The survey first assesses the participants attitudes, with a series of attitude statements. The participants used a 10-point Likert type scale ranging from 1, completely disagree, and 10, completely agree to see rate their attitudes toward the list of statements provided.  The statements given included “Personally, I view this gender atypical behavior as a problem because …Six of these statements were provided that differed in terms of the reason cited for the disapproval: …it is against my morals, …it contradicts my religious views, B…it will hurt the child’s [teenager’s] current relationships with their peers, B…it will be a bad influence on other children [teenagers],…it may have an effect on the child’s [teenager’s] sexual orientation …it goes against nature. A seventh option, the child’s behavior is not wrong for any one specific reason, it is just inappropriate” (Elischberger et. al., 2016 p.201). These statements allowed the participants to express their attitudes without giving a specific reason. The attitudes result for this part of the survey, although relatively low, showed that attitudes were less positive in the participants who had religious affiliation, conservative social-political views, and stronger conformity to certain traditional gender norms; however, the endorsement level of participants was highest (7.34 out of 10) with the statement, “I do not find the behavior a problem” (Elischberger et. al., 2016, p. 202). Thus, meaning that the majority of participates did not have a problem with transgender people.

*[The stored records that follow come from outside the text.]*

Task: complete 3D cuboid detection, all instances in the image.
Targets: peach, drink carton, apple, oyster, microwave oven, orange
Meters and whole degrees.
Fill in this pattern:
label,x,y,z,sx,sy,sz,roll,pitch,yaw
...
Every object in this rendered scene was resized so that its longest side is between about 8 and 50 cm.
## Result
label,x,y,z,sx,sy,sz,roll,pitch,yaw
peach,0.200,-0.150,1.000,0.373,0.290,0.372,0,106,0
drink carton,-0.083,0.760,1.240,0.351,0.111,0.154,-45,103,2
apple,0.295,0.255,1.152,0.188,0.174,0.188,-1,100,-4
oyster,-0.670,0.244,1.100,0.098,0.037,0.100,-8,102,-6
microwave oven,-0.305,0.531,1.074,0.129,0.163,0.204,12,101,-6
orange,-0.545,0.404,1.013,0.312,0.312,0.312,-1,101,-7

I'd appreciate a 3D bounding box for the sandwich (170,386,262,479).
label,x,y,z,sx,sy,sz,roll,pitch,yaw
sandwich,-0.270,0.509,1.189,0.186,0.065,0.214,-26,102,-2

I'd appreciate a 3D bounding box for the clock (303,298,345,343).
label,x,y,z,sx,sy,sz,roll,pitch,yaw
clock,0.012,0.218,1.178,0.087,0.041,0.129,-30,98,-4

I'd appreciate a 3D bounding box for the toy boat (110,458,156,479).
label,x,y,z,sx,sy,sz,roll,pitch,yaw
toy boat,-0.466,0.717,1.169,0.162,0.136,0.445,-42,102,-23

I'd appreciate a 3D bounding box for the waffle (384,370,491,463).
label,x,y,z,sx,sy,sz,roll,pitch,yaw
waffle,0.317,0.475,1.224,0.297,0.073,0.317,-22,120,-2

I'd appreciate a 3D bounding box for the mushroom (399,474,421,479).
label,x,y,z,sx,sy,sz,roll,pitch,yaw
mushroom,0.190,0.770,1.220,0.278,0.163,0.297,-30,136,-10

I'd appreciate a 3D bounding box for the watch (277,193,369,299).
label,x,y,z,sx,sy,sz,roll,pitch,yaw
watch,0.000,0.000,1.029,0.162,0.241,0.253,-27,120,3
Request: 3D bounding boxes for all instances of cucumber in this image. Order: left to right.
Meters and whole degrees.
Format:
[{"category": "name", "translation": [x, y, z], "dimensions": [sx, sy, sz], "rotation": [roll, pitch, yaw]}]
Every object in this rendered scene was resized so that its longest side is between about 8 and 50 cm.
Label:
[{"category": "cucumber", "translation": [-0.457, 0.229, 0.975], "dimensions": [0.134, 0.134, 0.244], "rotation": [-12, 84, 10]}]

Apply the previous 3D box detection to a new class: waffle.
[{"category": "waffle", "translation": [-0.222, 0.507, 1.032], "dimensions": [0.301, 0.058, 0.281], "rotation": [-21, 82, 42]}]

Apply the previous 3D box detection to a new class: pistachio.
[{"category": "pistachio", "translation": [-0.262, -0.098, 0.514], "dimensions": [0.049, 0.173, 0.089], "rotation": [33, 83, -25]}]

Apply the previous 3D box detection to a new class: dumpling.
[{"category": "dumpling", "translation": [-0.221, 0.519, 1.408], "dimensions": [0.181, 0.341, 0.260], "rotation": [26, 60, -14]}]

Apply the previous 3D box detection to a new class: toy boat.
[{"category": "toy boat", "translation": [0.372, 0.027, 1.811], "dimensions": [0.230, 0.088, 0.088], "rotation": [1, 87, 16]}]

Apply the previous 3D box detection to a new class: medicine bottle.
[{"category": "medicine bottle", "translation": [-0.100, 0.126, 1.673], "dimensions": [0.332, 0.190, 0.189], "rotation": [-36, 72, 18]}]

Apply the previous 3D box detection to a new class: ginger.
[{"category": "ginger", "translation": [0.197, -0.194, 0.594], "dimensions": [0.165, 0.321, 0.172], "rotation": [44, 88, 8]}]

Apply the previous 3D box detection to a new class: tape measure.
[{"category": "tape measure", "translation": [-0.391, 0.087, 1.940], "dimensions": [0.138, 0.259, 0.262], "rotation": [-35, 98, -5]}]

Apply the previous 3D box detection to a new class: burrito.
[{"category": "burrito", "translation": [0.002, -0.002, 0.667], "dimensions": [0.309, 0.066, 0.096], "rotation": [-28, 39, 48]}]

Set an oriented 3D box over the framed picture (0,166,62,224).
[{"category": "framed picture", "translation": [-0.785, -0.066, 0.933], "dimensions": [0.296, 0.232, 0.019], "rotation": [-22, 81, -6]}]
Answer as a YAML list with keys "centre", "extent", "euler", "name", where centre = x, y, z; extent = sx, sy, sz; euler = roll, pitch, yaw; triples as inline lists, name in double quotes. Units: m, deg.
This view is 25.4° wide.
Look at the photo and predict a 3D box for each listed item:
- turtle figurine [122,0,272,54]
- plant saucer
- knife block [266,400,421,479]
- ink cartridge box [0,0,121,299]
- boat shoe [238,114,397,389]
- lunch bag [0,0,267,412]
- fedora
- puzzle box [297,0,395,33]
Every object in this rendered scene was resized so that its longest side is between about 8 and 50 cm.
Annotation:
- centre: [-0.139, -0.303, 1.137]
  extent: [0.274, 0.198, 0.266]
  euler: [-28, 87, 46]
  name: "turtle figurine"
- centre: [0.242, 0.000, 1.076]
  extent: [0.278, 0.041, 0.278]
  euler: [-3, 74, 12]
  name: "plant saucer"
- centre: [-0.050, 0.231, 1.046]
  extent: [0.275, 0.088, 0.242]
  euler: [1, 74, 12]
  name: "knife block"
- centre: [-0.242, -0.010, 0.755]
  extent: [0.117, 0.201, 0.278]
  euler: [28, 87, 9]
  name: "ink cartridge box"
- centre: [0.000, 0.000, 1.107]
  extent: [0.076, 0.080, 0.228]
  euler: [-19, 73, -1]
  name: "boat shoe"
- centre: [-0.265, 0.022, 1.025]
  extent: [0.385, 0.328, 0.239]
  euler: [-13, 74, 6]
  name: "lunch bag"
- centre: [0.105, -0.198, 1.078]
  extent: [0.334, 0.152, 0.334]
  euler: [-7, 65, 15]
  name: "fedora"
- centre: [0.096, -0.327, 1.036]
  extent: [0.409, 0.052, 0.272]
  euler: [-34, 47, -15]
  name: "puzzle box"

The second part of the survey consisted of how participants might act in two hypothetical situations that involved a gender-atypical child or adolescent. The scenarios were (a) using the restroom appropriate for their gender opposed to sex, and (b) sharing a cabin/room on a school trip with peers of the same gender (Elischberger et. al., 2016, p.203). The participants were asked to put themselves into the positions of the: parent of the nonconforming child, the parent of one of the child’s peers, the child’s teacher, and a school administer (Elischberger et. al., 2016, p.203). The response ranged on a 1(lowest and 10 (highest) possible scores, with higher numbers indicating a “stronger intent to limit gender expression in each scenario” (Elischberger et. al., 2016, p. 203). On average, all the average results ranged between 4 and 6. In the restroom scenario, the results indicated that if the participant was the parent of the transgender child they would more than likely want their child to use the restroom of which they identified with, however, if they were in the administrator position they would be less likely to want that child to use their assigned restroom (Elischberger et. al., 2016, p.203).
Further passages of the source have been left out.